The average two-year fixed BTL rate has fallen by 0.31% in 12 months but by just 1 basis point in 2017, from 2.92% in January to 2.91% in July, research from Moneyfacts shows.
Even though the pace of the fall has slowed in recent months, the market has now recovered from the significant drop in products that was seen at the start of this year.
The number of products available on the market has risen from 1,408 at the start of the year to 1,610 today.
Charlotte Nelson, Finance Expert at Moneyfacts, said: “The BTL market has seen some turbulent times, with significant tax changes, tougher affordability rules and more changes to come into force in September. It is little wonder many thought the BTL mortgage market might show signs of strain. And yet, rates have continued on a downward path. Since the introduction of new regulation in January, however, the pace of the reductions has slowed considerably.

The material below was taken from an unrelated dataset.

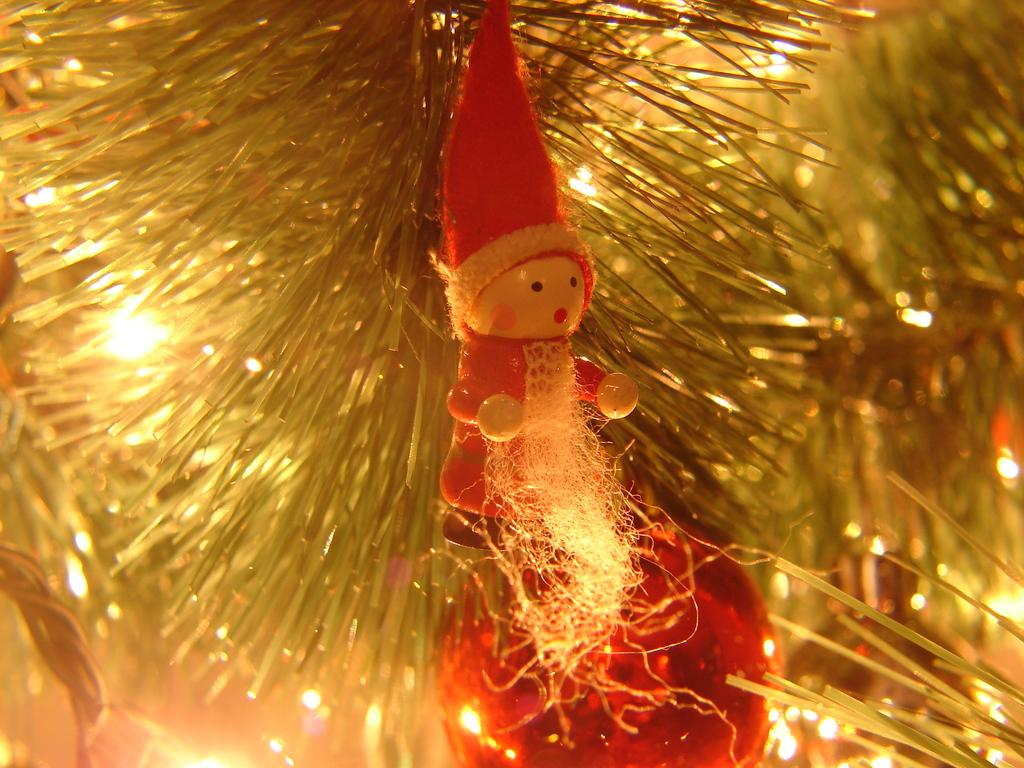What is the main subject in the image? There is a doll in the image. What other items can be seen in the image besides the doll? There are decorative items and lights in the image. Can you describe the background of the image? The background of the image is blurred. What type of quartz can be seen in the image? There is no quartz present in the image. How does the doll affect the passenger's throat in the image? There is no passenger or throat mentioned in the image; it only features a doll, decorative items, lights, and a blurred background. 
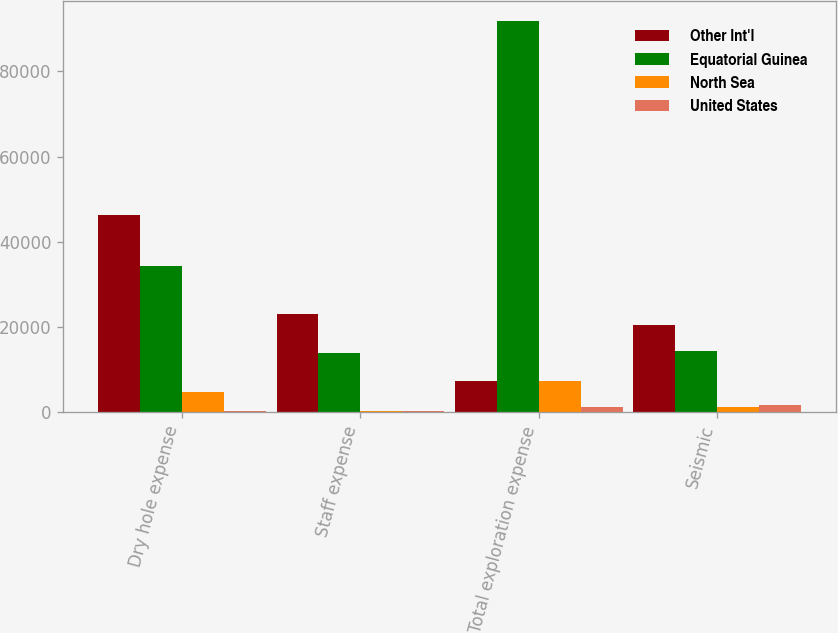Convert chart. <chart><loc_0><loc_0><loc_500><loc_500><stacked_bar_chart><ecel><fcel>Dry hole expense<fcel>Staff expense<fcel>Total exploration expense<fcel>Seismic<nl><fcel>Other Int'l<fcel>46192<fcel>22990<fcel>7214<fcel>20492<nl><fcel>Equatorial Guinea<fcel>34236<fcel>13926<fcel>91892<fcel>14282<nl><fcel>North Sea<fcel>4676<fcel>260<fcel>7214<fcel>1341<nl><fcel>United States<fcel>293<fcel>305<fcel>1123<fcel>1671<nl></chart>

“Product numbers have been bolstered since the dramatic fall that occurred in January, giving landlords looking for a mortgage deal today more choice. This shows that after the initial shock of the changes in January, providers are keen to recover and keep the market buoyant.
“Providers are now starting to gear up for further regulatory changes. From 30 September, lenders will have to apply stricter standards for landlords with four or more properties. Given that 89% of the mortgage deals on the market today are available for borrowers with four or more properties in their portfolio, these changes will affect a large chunk of the market.
“Faced with these changes, it is likely that competition among providers may start to ebb initially, with the providers instead focusing on their core range and getting their criteria up to date. With the added uncertainty in the economy, landlords looking for a mortgage deal are likely to face a bumpy road for a while. Anyone unsure of their options should seek out independent financial advice.”